JAKARTA (ANTARA) - Sebuah tongkat peraba jalan mengarahkan Aliya berjalan menuju ke perpustakaan di Sekolah Luar Biasa A (SLBA) Pembina Tingkat Nasional Jakarta untuk mengikuti kelas tambahan pelajaran Teknologi Informasi dan Komunikasi (TIK). Perlahan, terdengar sayup-sayup suara papan ketik komputer dari ruangan yang dituju.
"Selamat Siang Pak, Apakah kelasnya sudah mulai?" kata Himatul Aliya Ahmmad yang merupakan salah satu siswi dari SLBA Pembina Tingkat Nasional, Jakarta.
"Siapa itu, Aliya ya? Silakan duduk dulu, teman-teman kamu yang lain belum datang" kata Aris Yohanes Elean sambil membuka headphone yang sedang digunakannya untuk melakukan pendataan buku di perpustakaan.
Aris mengambil tongkatnya dan perlahan-lahan berjalan mendekati Aliya sambil bertanya "Bagaimana kelas kamu hari ini? Tunggu sebentar lagi ya, sampai teman-teman kamu yang lain datang" kata Aris.

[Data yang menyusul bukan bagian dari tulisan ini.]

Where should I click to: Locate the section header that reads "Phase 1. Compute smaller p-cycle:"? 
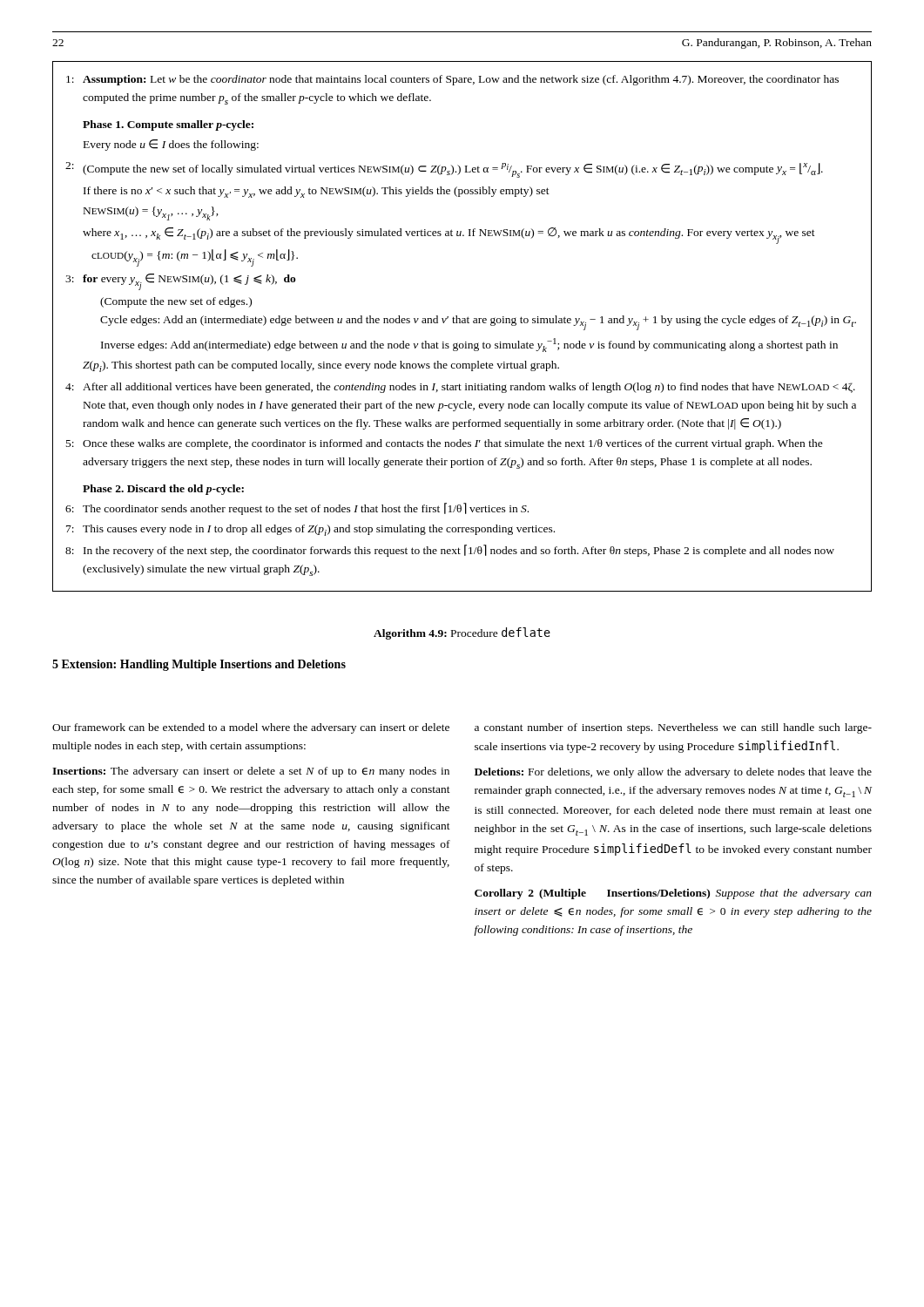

Berselang sekitar 30 menit dua murid lain sambil mengarahkan tongkatnya menyusul memasuki ruangan perpustakaan itu.
"Selamat siang Pak," kata salah satu murid bernama Radit Seto Atalia Ramdan.
"Nah, akhirnya komplit ya, mari kita mulai pelajaran lanjutan yang kemarin soal Vlook Up microsoft excel ya," kata Aris yang langsung membuka pelajaran tambahan.
Aris adalah seorang guru berusia 38 tahun yang menyadari bahwa tidak mudahnya menjadi penyandang disabilitas netra di negeri ini. Dengan keterampilan dan pengetahuannya, dia ingin berbagi terang kepada sesama agar kehidupan penyandang disabilitas netra bisa lebih baik.
Aris, begitu sapaan akrabnya, merupakan sosok tunanetra dengan kondisi buta total yang meraih gelar Sarjana Teknik Informatika lulusan terbaik di Universitas Pamulang.
Kini, Aris yang mengajar komputer di SLBA Pembina Tingkat Nasional, Jakarta, memiliki semangat untuk mengubah stigma penyandang disabilitas netra yang masih dipandang sebelah mata oleh banyak pihak.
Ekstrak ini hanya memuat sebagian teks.